Thursday, November 5, 2009

The Flood of Foreclosures

It is no secret that the number of foreclosures on homes has reached an all time high. However, why have they not reached the Multiple Listing System?
In a normal market a bank will repossess a property a usually process it through a listing agent within 30 days. Today with roughly 400-500,000 properties repossessed over the past year, they are not yet on the market.
Lenders and servicers office explanations as to why it is taking longer to process foreclosed properties that it has in the past:

  1. Many of the properties have title issues that need to be resolved
  2. Many of the properties are in states of extreme disrepair
  3. A number of states have strict redemption-rights periods which prevent the lender from reselling the property.
  4. A few states have extended the length of eviction proceedings
  5. The volume of REO's (foreclosed properties going into the MLS) has slowed down the process; there will be roughly 10 times the number of REO's this year as in the last "normal" year, 2005

There are many agents and buyers waiting for these potential "bargain" properties to come on the market. The banks often price them according to market condition but are also willing to take less than a homeowner to increase their chance of unloading the property and saving as much money as possible.

Monday, October 19, 2009

The New Credit Card Act

I am sure many of you have seen one if not all of the following things occur regarding your credits cards:
1. interest rate
2. unfair fee
3. decrease in credit line

These changes were probably made without any notification and have negatively affected your credit scores. Credit card companies have been in control making the consumer feel ineffective at managing their credit.

To make matters worse it was reported that credit card providers collect around $15 billion in penalty fees each year!


There could be some good news.

The Credit Card Accountability, Responsibility and Disclosure Act of 2009
( aka The Credit Card Act)
Signed into law on May 22, 2009. Provides some of the most proactive credit card consumer legislation in 60 years. "The Act" is important and anyone who has a credit card should understand it's basic principles.

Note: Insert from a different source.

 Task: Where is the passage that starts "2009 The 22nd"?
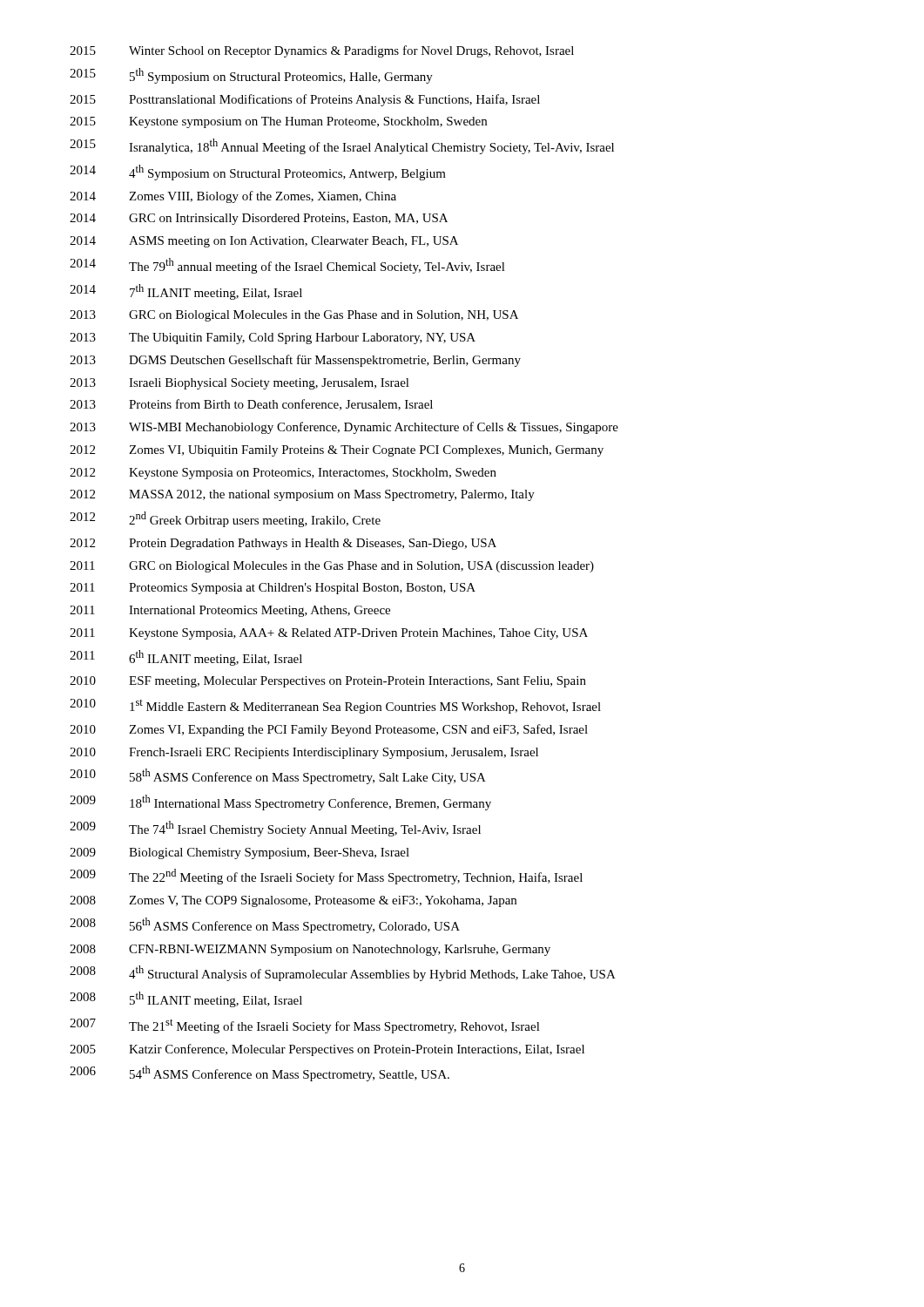pyautogui.click(x=462, y=877)
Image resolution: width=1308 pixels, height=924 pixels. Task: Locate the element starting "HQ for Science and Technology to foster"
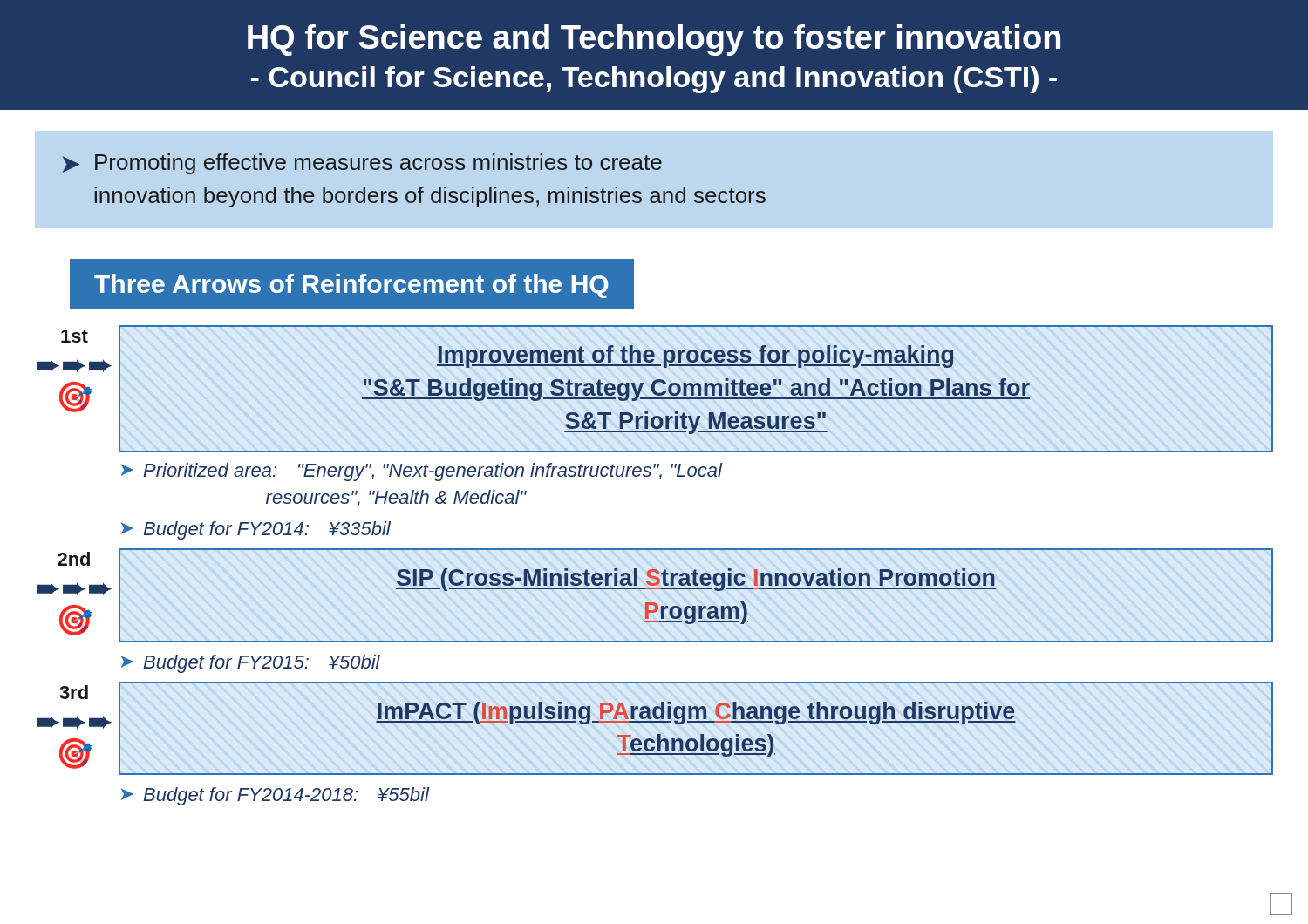[654, 57]

There are 2 key provisions:

1. Until August 19, 2009 consumers were only given 15 days notice of their interest rate change. Now, they must alert you 45 days prior to any change. This gives you the chance to call your credit card company and offer an explanation for the whatever situation may have arose. Try and renegotiate your interest rate. If they won't budge, take your business elsewhere.

2. Card holders will now have 21 days instead of 14 to make their payments. This is a huge plus for consumers who are fighting to keep on top of their bills and those who travel a lot.

The most significant portions of the law go into effect on February 22, 2010. Here are some details:

No unfair changes-
Credit card issuers will not be able to change your credit status at anytime, for any reason. If you miss a payment with one creditor, another cannot automatically increase your interest rate or drop your credit limit, which can often affect your credit scores.

Restrictions under 21 years of age-
Consumers under the age of 21 will need a co-signer or a job in order to get a credit card. This will help limit the number of young, college age card holders.

Over-limit Fee Control-
Card holders will no longer be able to exceed their limit without having the card holder's permission to do so. If you have not agreed to allow over-limit exceptions, your card will be declined thus saving your credit score.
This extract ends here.